WHAT THE TASK ASKS – In the listing below, start your output at the line with "Your response must be concise. 0.13." and end it after the line with "Your answer should be compact. 0.82.", copying every line exactly.

INFORMATION PROVIDED –
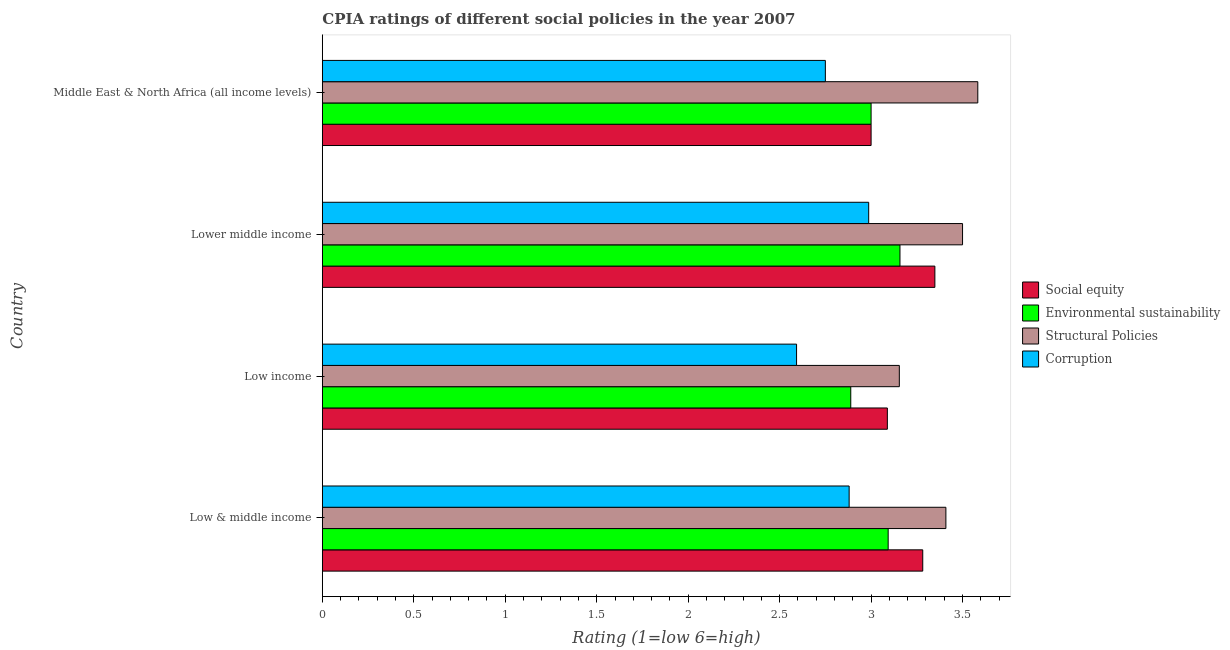How many different coloured bars are there?
Your answer should be compact. 4. How many groups of bars are there?
Keep it short and to the point. 4. What is the cpia rating of structural policies in Middle East & North Africa (all income levels)?
Keep it short and to the point. 3.58. Across all countries, what is the maximum cpia rating of corruption?
Your response must be concise. 2.99. Across all countries, what is the minimum cpia rating of environmental sustainability?
Make the answer very short. 2.89. In which country was the cpia rating of environmental sustainability maximum?
Give a very brief answer. Lower middle income. What is the total cpia rating of corruption in the graph?
Your answer should be very brief. 11.21. What is the difference between the cpia rating of structural policies in Low & middle income and that in Middle East & North Africa (all income levels)?
Make the answer very short. -0.17. What is the difference between the cpia rating of structural policies in Lower middle income and the cpia rating of environmental sustainability in Low income?
Give a very brief answer. 0.61. What is the average cpia rating of corruption per country?
Your response must be concise. 2.8. What is the difference between the cpia rating of environmental sustainability and cpia rating of structural policies in Lower middle income?
Provide a short and direct response. -0.34. What is the ratio of the cpia rating of structural policies in Low & middle income to that in Lower middle income?
Offer a terse response. 0.97. Is the difference between the cpia rating of environmental sustainability in Low income and Lower middle income greater than the difference between the cpia rating of social equity in Low income and Lower middle income?
Make the answer very short. No. What is the difference between the highest and the second highest cpia rating of corruption?
Give a very brief answer. 0.11. What is the difference between the highest and the lowest cpia rating of social equity?
Give a very brief answer. 0.35. Is the sum of the cpia rating of structural policies in Low income and Middle East & North Africa (all income levels) greater than the maximum cpia rating of corruption across all countries?
Give a very brief answer. Yes. Is it the case that in every country, the sum of the cpia rating of environmental sustainability and cpia rating of corruption is greater than the sum of cpia rating of social equity and cpia rating of structural policies?
Provide a succinct answer. No. What does the 1st bar from the top in Low income represents?
Make the answer very short. Corruption. What does the 1st bar from the bottom in Middle East & North Africa (all income levels) represents?
Ensure brevity in your answer.  Social equity. Is it the case that in every country, the sum of the cpia rating of social equity and cpia rating of environmental sustainability is greater than the cpia rating of structural policies?
Your answer should be compact. Yes. How many bars are there?
Offer a very short reply. 16. Does the graph contain grids?
Give a very brief answer. No. What is the title of the graph?
Provide a short and direct response. CPIA ratings of different social policies in the year 2007. Does "Corruption" appear as one of the legend labels in the graph?
Make the answer very short. Yes. What is the Rating (1=low 6=high) of Social equity in Low & middle income?
Offer a very short reply. 3.28. What is the Rating (1=low 6=high) in Environmental sustainability in Low & middle income?
Provide a succinct answer. 3.09. What is the Rating (1=low 6=high) in Structural Policies in Low & middle income?
Offer a very short reply. 3.41. What is the Rating (1=low 6=high) in Corruption in Low & middle income?
Keep it short and to the point. 2.88. What is the Rating (1=low 6=high) of Social equity in Low income?
Give a very brief answer. 3.09. What is the Rating (1=low 6=high) of Environmental sustainability in Low income?
Provide a short and direct response. 2.89. What is the Rating (1=low 6=high) of Structural Policies in Low income?
Ensure brevity in your answer.  3.15. What is the Rating (1=low 6=high) in Corruption in Low income?
Provide a succinct answer. 2.59. What is the Rating (1=low 6=high) of Social equity in Lower middle income?
Your response must be concise. 3.35. What is the Rating (1=low 6=high) in Environmental sustainability in Lower middle income?
Your response must be concise. 3.16. What is the Rating (1=low 6=high) of Structural Policies in Lower middle income?
Make the answer very short. 3.5. What is the Rating (1=low 6=high) of Corruption in Lower middle income?
Your response must be concise. 2.99. What is the Rating (1=low 6=high) in Social equity in Middle East & North Africa (all income levels)?
Your answer should be very brief. 3. What is the Rating (1=low 6=high) in Environmental sustainability in Middle East & North Africa (all income levels)?
Your answer should be very brief. 3. What is the Rating (1=low 6=high) of Structural Policies in Middle East & North Africa (all income levels)?
Provide a succinct answer. 3.58. What is the Rating (1=low 6=high) in Corruption in Middle East & North Africa (all income levels)?
Keep it short and to the point. 2.75. Across all countries, what is the maximum Rating (1=low 6=high) of Social equity?
Make the answer very short. 3.35. Across all countries, what is the maximum Rating (1=low 6=high) in Environmental sustainability?
Give a very brief answer. 3.16. Across all countries, what is the maximum Rating (1=low 6=high) of Structural Policies?
Provide a short and direct response. 3.58. Across all countries, what is the maximum Rating (1=low 6=high) in Corruption?
Offer a terse response. 2.99. Across all countries, what is the minimum Rating (1=low 6=high) in Environmental sustainability?
Your answer should be compact. 2.89. Across all countries, what is the minimum Rating (1=low 6=high) of Structural Policies?
Make the answer very short. 3.15. Across all countries, what is the minimum Rating (1=low 6=high) of Corruption?
Your response must be concise. 2.59. What is the total Rating (1=low 6=high) in Social equity in the graph?
Your response must be concise. 12.72. What is the total Rating (1=low 6=high) of Environmental sustainability in the graph?
Give a very brief answer. 12.14. What is the total Rating (1=low 6=high) of Structural Policies in the graph?
Keep it short and to the point. 13.65. What is the total Rating (1=low 6=high) in Corruption in the graph?
Offer a very short reply. 11.21. What is the difference between the Rating (1=low 6=high) in Social equity in Low & middle income and that in Low income?
Keep it short and to the point. 0.19. What is the difference between the Rating (1=low 6=high) of Environmental sustainability in Low & middle income and that in Low income?
Offer a very short reply. 0.2. What is the difference between the Rating (1=low 6=high) of Structural Policies in Low & middle income and that in Low income?
Provide a short and direct response. 0.25. What is the difference between the Rating (1=low 6=high) of Corruption in Low & middle income and that in Low income?
Keep it short and to the point. 0.29. What is the difference between the Rating (1=low 6=high) in Social equity in Low & middle income and that in Lower middle income?
Your answer should be very brief. -0.07. What is the difference between the Rating (1=low 6=high) in Environmental sustainability in Low & middle income and that in Lower middle income?
Provide a short and direct response. -0.06. What is the difference between the Rating (1=low 6=high) of Structural Policies in Low & middle income and that in Lower middle income?
Your answer should be very brief. -0.09. What is the difference between the Rating (1=low 6=high) of Corruption in Low & middle income and that in Lower middle income?
Make the answer very short. -0.11. What is the difference between the Rating (1=low 6=high) in Social equity in Low & middle income and that in Middle East & North Africa (all income levels)?
Provide a short and direct response. 0.28. What is the difference between the Rating (1=low 6=high) of Environmental sustainability in Low & middle income and that in Middle East & North Africa (all income levels)?
Provide a short and direct response. 0.09. What is the difference between the Rating (1=low 6=high) in Structural Policies in Low & middle income and that in Middle East & North Africa (all income levels)?
Provide a succinct answer. -0.17. What is the difference between the Rating (1=low 6=high) in Corruption in Low & middle income and that in Middle East & North Africa (all income levels)?
Make the answer very short. 0.13. What is the difference between the Rating (1=low 6=high) of Social equity in Low income and that in Lower middle income?
Your answer should be compact. -0.26. What is the difference between the Rating (1=low 6=high) in Environmental sustainability in Low income and that in Lower middle income?
Your answer should be compact. -0.27. What is the difference between the Rating (1=low 6=high) of Structural Policies in Low income and that in Lower middle income?
Make the answer very short. -0.35. What is the difference between the Rating (1=low 6=high) in Corruption in Low income and that in Lower middle income?
Ensure brevity in your answer.  -0.39. What is the difference between the Rating (1=low 6=high) of Social equity in Low income and that in Middle East & North Africa (all income levels)?
Your answer should be compact. 0.09. What is the difference between the Rating (1=low 6=high) of Environmental sustainability in Low income and that in Middle East & North Africa (all income levels)?
Ensure brevity in your answer.  -0.11. What is the difference between the Rating (1=low 6=high) in Structural Policies in Low income and that in Middle East & North Africa (all income levels)?
Provide a succinct answer. -0.43. What is the difference between the Rating (1=low 6=high) of Corruption in Low income and that in Middle East & North Africa (all income levels)?
Make the answer very short. -0.16. What is the difference between the Rating (1=low 6=high) in Social equity in Lower middle income and that in Middle East & North Africa (all income levels)?
Make the answer very short. 0.35. What is the difference between the Rating (1=low 6=high) of Environmental sustainability in Lower middle income and that in Middle East & North Africa (all income levels)?
Keep it short and to the point. 0.16. What is the difference between the Rating (1=low 6=high) of Structural Policies in Lower middle income and that in Middle East & North Africa (all income levels)?
Offer a very short reply. -0.08. What is the difference between the Rating (1=low 6=high) in Corruption in Lower middle income and that in Middle East & North Africa (all income levels)?
Offer a terse response. 0.24. What is the difference between the Rating (1=low 6=high) of Social equity in Low & middle income and the Rating (1=low 6=high) of Environmental sustainability in Low income?
Your answer should be compact. 0.39. What is the difference between the Rating (1=low 6=high) of Social equity in Low & middle income and the Rating (1=low 6=high) of Structural Policies in Low income?
Your response must be concise. 0.13. What is the difference between the Rating (1=low 6=high) of Social equity in Low & middle income and the Rating (1=low 6=high) of Corruption in Low income?
Your answer should be very brief. 0.69. What is the difference between the Rating (1=low 6=high) of Environmental sustainability in Low & middle income and the Rating (1=low 6=high) of Structural Policies in Low income?
Provide a short and direct response. -0.06. What is the difference between the Rating (1=low 6=high) in Environmental sustainability in Low & middle income and the Rating (1=low 6=high) in Corruption in Low income?
Offer a very short reply. 0.5. What is the difference between the Rating (1=low 6=high) in Structural Policies in Low & middle income and the Rating (1=low 6=high) in Corruption in Low income?
Your answer should be compact. 0.82. What is the difference between the Rating (1=low 6=high) in Social equity in Low & middle income and the Rating (1=low 6=high) in Environmental sustainability in Lower middle income?
Your response must be concise. 0.12. What is the difference between the Rating (1=low 6=high) of Social equity in Low & middle income and the Rating (1=low 6=high) of Structural Policies in Lower middle income?
Ensure brevity in your answer.  -0.22. What is the difference between the Rating (1=low 6=high) of Social equity in Low & middle income and the Rating (1=low 6=high) of Corruption in Lower middle income?
Make the answer very short. 0.3. What is the difference between the Rating (1=low 6=high) in Environmental sustainability in Low & middle income and the Rating (1=low 6=high) in Structural Policies in Lower middle income?
Offer a very short reply. -0.41. What is the difference between the Rating (1=low 6=high) of Environmental sustainability in Low & middle income and the Rating (1=low 6=high) of Corruption in Lower middle income?
Your answer should be compact. 0.11. What is the difference between the Rating (1=low 6=high) in Structural Policies in Low & middle income and the Rating (1=low 6=high) in Corruption in Lower middle income?
Make the answer very short. 0.42. What is the difference between the Rating (1=low 6=high) in Social equity in Low & middle income and the Rating (1=low 6=high) in Environmental sustainability in Middle East & North Africa (all income levels)?
Your response must be concise. 0.28. What is the difference between the Rating (1=low 6=high) in Social equity in Low & middle income and the Rating (1=low 6=high) in Structural Policies in Middle East & North Africa (all income levels)?
Offer a very short reply. -0.3. What is the difference between the Rating (1=low 6=high) of Social equity in Low & middle income and the Rating (1=low 6=high) of Corruption in Middle East & North Africa (all income levels)?
Offer a terse response. 0.53. What is the difference between the Rating (1=low 6=high) of Environmental sustainability in Low & middle income and the Rating (1=low 6=high) of Structural Policies in Middle East & North Africa (all income levels)?
Make the answer very short. -0.49. What is the difference between the Rating (1=low 6=high) in Environmental sustainability in Low & middle income and the Rating (1=low 6=high) in Corruption in Middle East & North Africa (all income levels)?
Your response must be concise. 0.34. What is the difference between the Rating (1=low 6=high) of Structural Policies in Low & middle income and the Rating (1=low 6=high) of Corruption in Middle East & North Africa (all income levels)?
Ensure brevity in your answer.  0.66. What is the difference between the Rating (1=low 6=high) in Social equity in Low income and the Rating (1=low 6=high) in Environmental sustainability in Lower middle income?
Provide a succinct answer. -0.07. What is the difference between the Rating (1=low 6=high) of Social equity in Low income and the Rating (1=low 6=high) of Structural Policies in Lower middle income?
Give a very brief answer. -0.41. What is the difference between the Rating (1=low 6=high) in Social equity in Low income and the Rating (1=low 6=high) in Corruption in Lower middle income?
Keep it short and to the point. 0.1. What is the difference between the Rating (1=low 6=high) in Environmental sustainability in Low income and the Rating (1=low 6=high) in Structural Policies in Lower middle income?
Give a very brief answer. -0.61. What is the difference between the Rating (1=low 6=high) in Environmental sustainability in Low income and the Rating (1=low 6=high) in Corruption in Lower middle income?
Your answer should be very brief. -0.1. What is the difference between the Rating (1=low 6=high) in Structural Policies in Low income and the Rating (1=low 6=high) in Corruption in Lower middle income?
Give a very brief answer. 0.17. What is the difference between the Rating (1=low 6=high) of Social equity in Low income and the Rating (1=low 6=high) of Environmental sustainability in Middle East & North Africa (all income levels)?
Provide a short and direct response. 0.09. What is the difference between the Rating (1=low 6=high) of Social equity in Low income and the Rating (1=low 6=high) of Structural Policies in Middle East & North Africa (all income levels)?
Provide a short and direct response. -0.49. What is the difference between the Rating (1=low 6=high) of Social equity in Low income and the Rating (1=low 6=high) of Corruption in Middle East & North Africa (all income levels)?
Make the answer very short. 0.34. What is the difference between the Rating (1=low 6=high) of Environmental sustainability in Low income and the Rating (1=low 6=high) of Structural Policies in Middle East & North Africa (all income levels)?
Your response must be concise. -0.69. What is the difference between the Rating (1=low 6=high) in Environmental sustainability in Low income and the Rating (1=low 6=high) in Corruption in Middle East & North Africa (all income levels)?
Keep it short and to the point. 0.14. What is the difference between the Rating (1=low 6=high) in Structural Policies in Low income and the Rating (1=low 6=high) in Corruption in Middle East & North Africa (all income levels)?
Your response must be concise. 0.4. What is the difference between the Rating (1=low 6=high) of Social equity in Lower middle income and the Rating (1=low 6=high) of Environmental sustainability in Middle East & North Africa (all income levels)?
Provide a short and direct response. 0.35. What is the difference between the Rating (1=low 6=high) in Social equity in Lower middle income and the Rating (1=low 6=high) in Structural Policies in Middle East & North Africa (all income levels)?
Keep it short and to the point. -0.23. What is the difference between the Rating (1=low 6=high) in Social equity in Lower middle income and the Rating (1=low 6=high) in Corruption in Middle East & North Africa (all income levels)?
Keep it short and to the point. 0.6. What is the difference between the Rating (1=low 6=high) in Environmental sustainability in Lower middle income and the Rating (1=low 6=high) in Structural Policies in Middle East & North Africa (all income levels)?
Make the answer very short. -0.43. What is the difference between the Rating (1=low 6=high) in Environmental sustainability in Lower middle income and the Rating (1=low 6=high) in Corruption in Middle East & North Africa (all income levels)?
Keep it short and to the point. 0.41. What is the difference between the Rating (1=low 6=high) of Structural Policies in Lower middle income and the Rating (1=low 6=high) of Corruption in Middle East & North Africa (all income levels)?
Provide a succinct answer. 0.75. What is the average Rating (1=low 6=high) of Social equity per country?
Give a very brief answer. 3.18. What is the average Rating (1=low 6=high) of Environmental sustainability per country?
Your answer should be very brief. 3.04. What is the average Rating (1=low 6=high) of Structural Policies per country?
Offer a very short reply. 3.41. What is the average Rating (1=low 6=high) in Corruption per country?
Your answer should be compact. 2.8. What is the difference between the Rating (1=low 6=high) in Social equity and Rating (1=low 6=high) in Environmental sustainability in Low & middle income?
Provide a short and direct response. 0.19. What is the difference between the Rating (1=low 6=high) in Social equity and Rating (1=low 6=high) in Structural Policies in Low & middle income?
Ensure brevity in your answer.  -0.13. What is the difference between the Rating (1=low 6=high) in Social equity and Rating (1=low 6=high) in Corruption in Low & middle income?
Your answer should be compact. 0.4. What is the difference between the Rating (1=low 6=high) in Environmental sustainability and Rating (1=low 6=high) in Structural Policies in Low & middle income?
Your answer should be compact. -0.32. What is the difference between the Rating (1=low 6=high) of Environmental sustainability and Rating (1=low 6=high) of Corruption in Low & middle income?
Provide a succinct answer. 0.21. What is the difference between the Rating (1=low 6=high) in Structural Policies and Rating (1=low 6=high) in Corruption in Low & middle income?
Provide a short and direct response. 0.53. What is the difference between the Rating (1=low 6=high) of Social equity and Rating (1=low 6=high) of Environmental sustainability in Low income?
Your response must be concise. 0.2. What is the difference between the Rating (1=low 6=high) of Social equity and Rating (1=low 6=high) of Structural Policies in Low income?
Offer a terse response. -0.07. What is the difference between the Rating (1=low 6=high) in Social equity and Rating (1=low 6=high) in Corruption in Low income?
Your response must be concise. 0.5. What is the difference between the Rating (1=low 6=high) of Environmental sustainability and Rating (1=low 6=high) of Structural Policies in Low income?
Your answer should be very brief. -0.27. What is the difference between the Rating (1=low 6=high) in Environmental sustainability and Rating (1=low 6=high) in Corruption in Low income?
Provide a succinct answer. 0.3. What is the difference between the Rating (1=low 6=high) of Structural Policies and Rating (1=low 6=high) of Corruption in Low income?
Your answer should be compact. 0.56. What is the difference between the Rating (1=low 6=high) in Social equity and Rating (1=low 6=high) in Environmental sustainability in Lower middle income?
Give a very brief answer. 0.19. What is the difference between the Rating (1=low 6=high) in Social equity and Rating (1=low 6=high) in Structural Policies in Lower middle income?
Offer a very short reply. -0.15. What is the difference between the Rating (1=low 6=high) of Social equity and Rating (1=low 6=high) of Corruption in Lower middle income?
Offer a terse response. 0.36. What is the difference between the Rating (1=low 6=high) in Environmental sustainability and Rating (1=low 6=high) in Structural Policies in Lower middle income?
Your answer should be very brief. -0.34. What is the difference between the Rating (1=low 6=high) of Environmental sustainability and Rating (1=low 6=high) of Corruption in Lower middle income?
Provide a short and direct response. 0.17. What is the difference between the Rating (1=low 6=high) of Structural Policies and Rating (1=low 6=high) of Corruption in Lower middle income?
Your response must be concise. 0.51. What is the difference between the Rating (1=low 6=high) in Social equity and Rating (1=low 6=high) in Environmental sustainability in Middle East & North Africa (all income levels)?
Make the answer very short. 0. What is the difference between the Rating (1=low 6=high) of Social equity and Rating (1=low 6=high) of Structural Policies in Middle East & North Africa (all income levels)?
Your answer should be compact. -0.58. What is the difference between the Rating (1=low 6=high) in Environmental sustainability and Rating (1=low 6=high) in Structural Policies in Middle East & North Africa (all income levels)?
Ensure brevity in your answer.  -0.58. What is the ratio of the Rating (1=low 6=high) of Social equity in Low & middle income to that in Low income?
Your answer should be very brief. 1.06. What is the ratio of the Rating (1=low 6=high) in Environmental sustainability in Low & middle income to that in Low income?
Offer a very short reply. 1.07. What is the ratio of the Rating (1=low 6=high) in Structural Policies in Low & middle income to that in Low income?
Provide a short and direct response. 1.08. What is the ratio of the Rating (1=low 6=high) in Corruption in Low & middle income to that in Low income?
Offer a terse response. 1.11. What is the ratio of the Rating (1=low 6=high) in Social equity in Low & middle income to that in Lower middle income?
Offer a terse response. 0.98. What is the ratio of the Rating (1=low 6=high) in Environmental sustainability in Low & middle income to that in Lower middle income?
Make the answer very short. 0.98. What is the ratio of the Rating (1=low 6=high) in Corruption in Low & middle income to that in Lower middle income?
Your answer should be compact. 0.96. What is the ratio of the Rating (1=low 6=high) of Social equity in Low & middle income to that in Middle East & North Africa (all income levels)?
Offer a terse response. 1.09. What is the ratio of the Rating (1=low 6=high) of Environmental sustainability in Low & middle income to that in Middle East & North Africa (all income levels)?
Make the answer very short. 1.03. What is the ratio of the Rating (1=low 6=high) in Structural Policies in Low & middle income to that in Middle East & North Africa (all income levels)?
Make the answer very short. 0.95. What is the ratio of the Rating (1=low 6=high) in Corruption in Low & middle income to that in Middle East & North Africa (all income levels)?
Keep it short and to the point. 1.05. What is the ratio of the Rating (1=low 6=high) in Social equity in Low income to that in Lower middle income?
Provide a short and direct response. 0.92. What is the ratio of the Rating (1=low 6=high) of Environmental sustainability in Low income to that in Lower middle income?
Your response must be concise. 0.91. What is the ratio of the Rating (1=low 6=high) of Structural Policies in Low income to that in Lower middle income?
Your answer should be compact. 0.9. What is the ratio of the Rating (1=low 6=high) of Corruption in Low income to that in Lower middle income?
Ensure brevity in your answer.  0.87. What is the ratio of the Rating (1=low 6=high) in Social equity in Low income to that in Middle East & North Africa (all income levels)?
Give a very brief answer. 1.03. What is the ratio of the Rating (1=low 6=high) in Environmental sustainability in Low income to that in Middle East & North Africa (all income levels)?
Your response must be concise. 0.96. What is the ratio of the Rating (1=low 6=high) of Structural Policies in Low income to that in Middle East & North Africa (all income levels)?
Ensure brevity in your answer.  0.88. What is the ratio of the Rating (1=low 6=high) of Corruption in Low income to that in Middle East & North Africa (all income levels)?
Your answer should be very brief. 0.94. What is the ratio of the Rating (1=low 6=high) of Social equity in Lower middle income to that in Middle East & North Africa (all income levels)?
Offer a terse response. 1.12. What is the ratio of the Rating (1=low 6=high) in Environmental sustainability in Lower middle income to that in Middle East & North Africa (all income levels)?
Your answer should be very brief. 1.05. What is the ratio of the Rating (1=low 6=high) in Structural Policies in Lower middle income to that in Middle East & North Africa (all income levels)?
Your answer should be compact. 0.98. What is the ratio of the Rating (1=low 6=high) of Corruption in Lower middle income to that in Middle East & North Africa (all income levels)?
Ensure brevity in your answer.  1.09. What is the difference between the highest and the second highest Rating (1=low 6=high) in Social equity?
Offer a terse response. 0.07. What is the difference between the highest and the second highest Rating (1=low 6=high) of Environmental sustainability?
Keep it short and to the point. 0.06. What is the difference between the highest and the second highest Rating (1=low 6=high) of Structural Policies?
Your response must be concise. 0.08. What is the difference between the highest and the second highest Rating (1=low 6=high) in Corruption?
Provide a succinct answer. 0.11. What is the difference between the highest and the lowest Rating (1=low 6=high) of Social equity?
Your answer should be very brief. 0.35. What is the difference between the highest and the lowest Rating (1=low 6=high) of Environmental sustainability?
Your answer should be very brief. 0.27. What is the difference between the highest and the lowest Rating (1=low 6=high) of Structural Policies?
Ensure brevity in your answer.  0.43. What is the difference between the highest and the lowest Rating (1=low 6=high) in Corruption?
Provide a short and direct response. 0.39.

WRITTEN RESPONSE –
Your response must be concise. 0.13. What is the difference between the Rating (1=low 6=high) of Social equity in Low & middle income and the Rating (1=low 6=high) of Corruption in Low income?
Your answer should be very brief. 0.69. What is the difference between the Rating (1=low 6=high) of Environmental sustainability in Low & middle income and the Rating (1=low 6=high) of Structural Policies in Low income?
Provide a short and direct response. -0.06. What is the difference between the Rating (1=low 6=high) in Environmental sustainability in Low & middle income and the Rating (1=low 6=high) in Corruption in Low income?
Offer a very short reply. 0.5. What is the difference between the Rating (1=low 6=high) in Structural Policies in Low & middle income and the Rating (1=low 6=high) in Corruption in Low income?
Your answer should be compact. 0.82. What is the difference between the Rating (1=low 6=high) in Social equity in Low & middle income and the Rating (1=low 6=high) in Environmental sustainability in Lower middle income?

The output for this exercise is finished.